Briefly, it is about a college professor, Mr. Yang, who after suffering a stroke, is cared for by his star student and soon-to-be son-in-law, Jian Wan. On his sickbed, Mr. Yang recalls things from his past in a rambling disjointed way. At times he is lucid and at times, not. As Yang reveals secrets from his past, Jian Wan, the narrator, begins to see Yang's life in a new and different light, realizing that this is not a life he wants to follow.
I loved how Jian Wan's growth is revealed. As he comes to new realizations, he seeks and discovers what is true and important and what is not. He discovers his true passions do not lie in academia; he learns of the 'tricks of the academic game.' As he questions his life to that point, the reader begins to see shifts in his ideology and a transformed purpose. Jian Wan's awakening is the story of his generation and his coming of age story parallels that of China's.
In a discussion with Mr. Yang, Jian Wan's true thoughts begin to unfold:
'Have you read Dante?' he asked me in a nasal voice... 'No, I haven't.' Unable to say yes, I was somewhat embarrassed. 'You should read The Divine Comedy. After you finish it, you will look at the world differently.'So I borrowed all three books of the poem from the library and went through them in two weeks, but I didn't enjoy the poem and felt the world remained the same.' (p. 71)
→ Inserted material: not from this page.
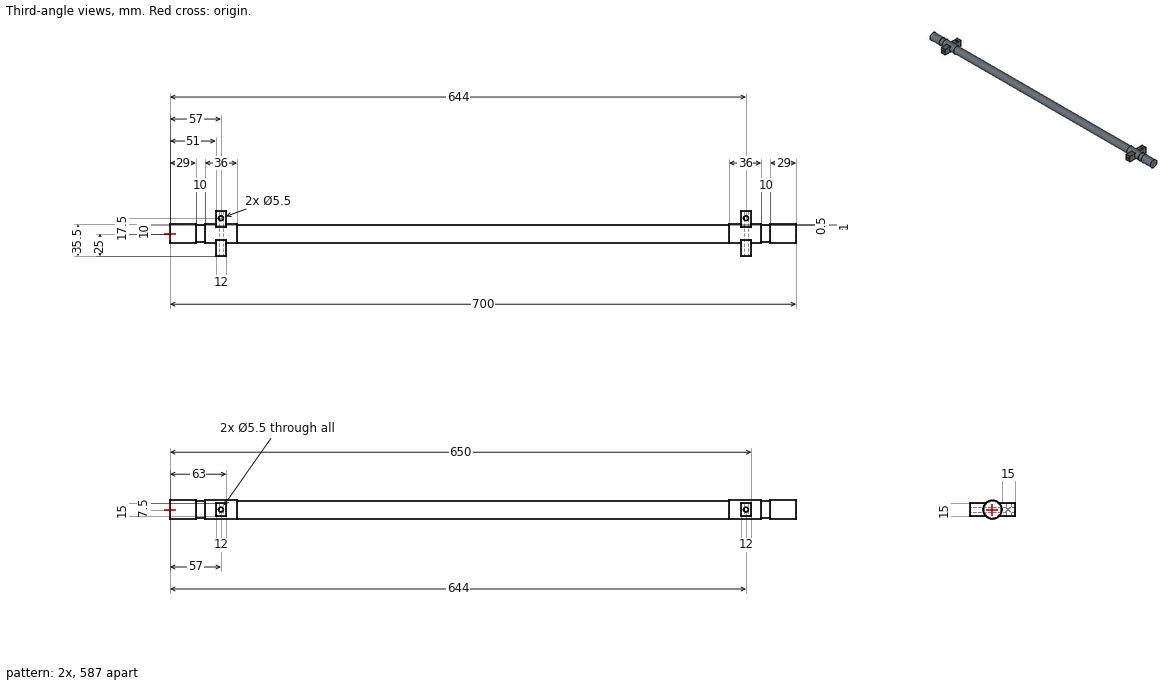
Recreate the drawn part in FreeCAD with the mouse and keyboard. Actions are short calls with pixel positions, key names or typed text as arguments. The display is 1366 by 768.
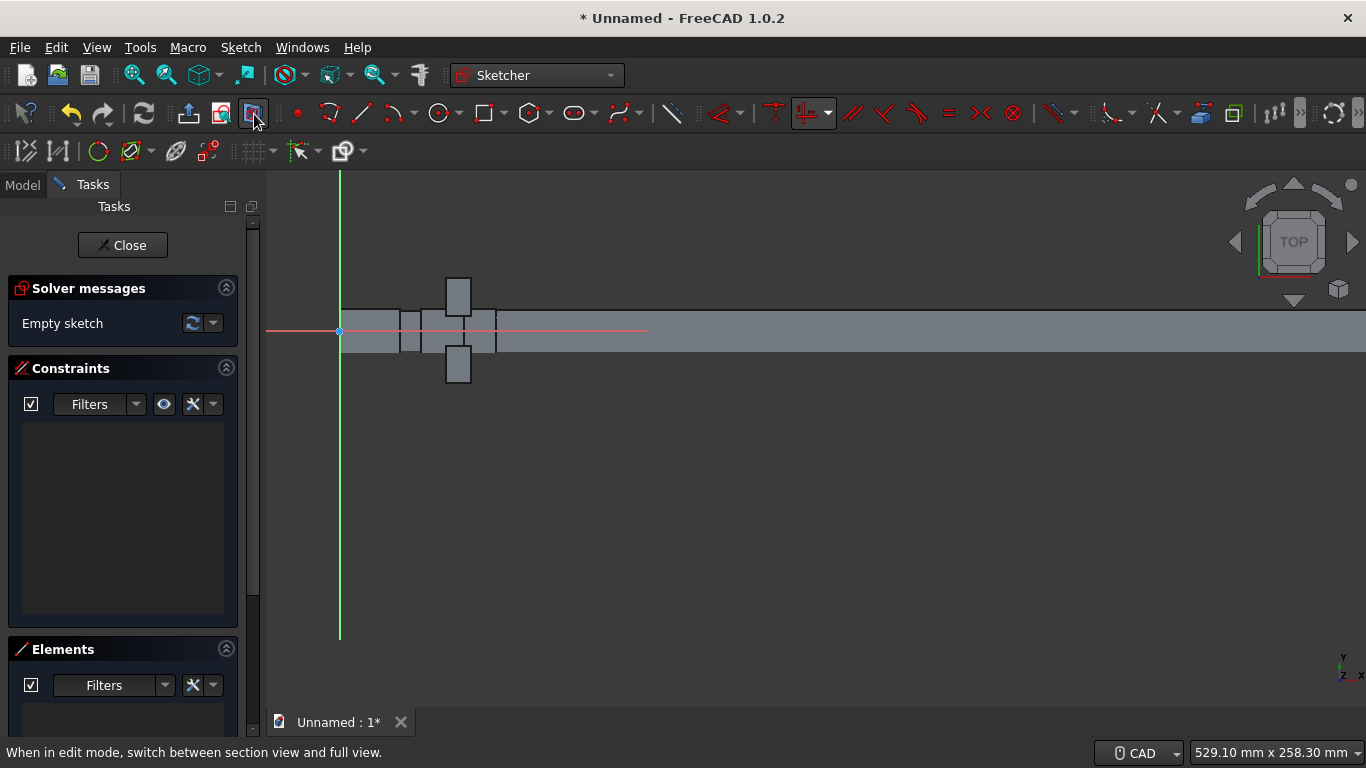
scroll(532, 543, down, 4)
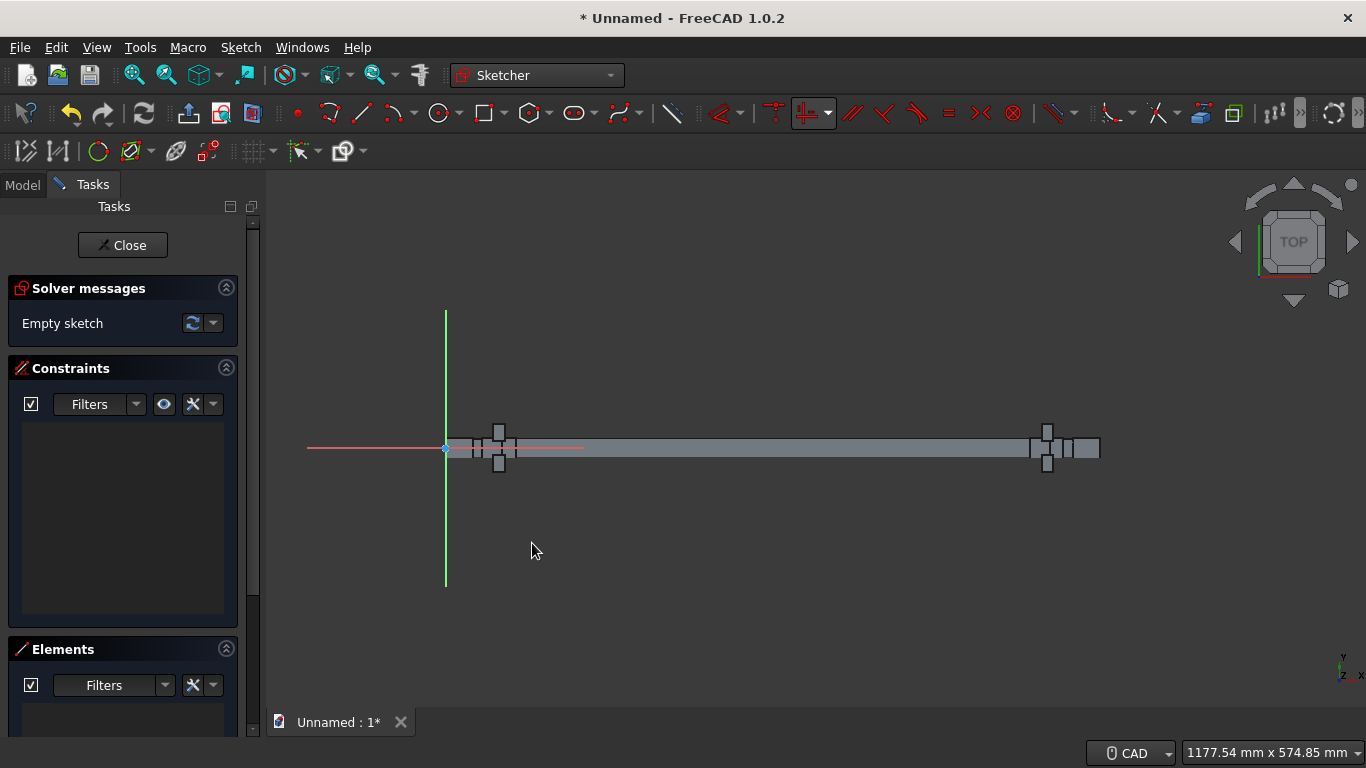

I loved this quote: Yang recalling his experience as a scholar in the West says this: 'Oh, you should have seen the libraries at Berkeley, absolutely magnificent. You can go to the stacks directly, see what's on them, and can even check out some rare books. Frankly, I would die happy if I could work as a librarian in a place like that all my life.' (p. 105)
The tension that Jian Wan feels is revealed when another professor asks Yang: 'Why should we look down on ourselves so? We're both intellectuals, aren't we?' Yang replies, 'No, we're not. Who is an intellectual in China? Ridiculous, anyone with a college education is called an intellectual. The truth is that all people in the humanities are clerks and all people in the sciences are technicians. Tell me, who is a really independent intellectual, has original ideas and speaks the truth? None that I know of. We're all dumb laborers kept by the state--a retrograde species.' (p. 153) While this is a conversation between another professor and Yang, Jian Wan takes it to heart and acts on it.
The final quote from the book is this: 'Ever since I boarded the train back, a terrible vision had tormented me. I saw China in the form of an old hag so decrepit and brainsick that she would devour her children to sustain herself. Insatiable, she had eaten many tender lives before, was gobbling new flesh and blood now, and would surely swallow more.' (p. 315)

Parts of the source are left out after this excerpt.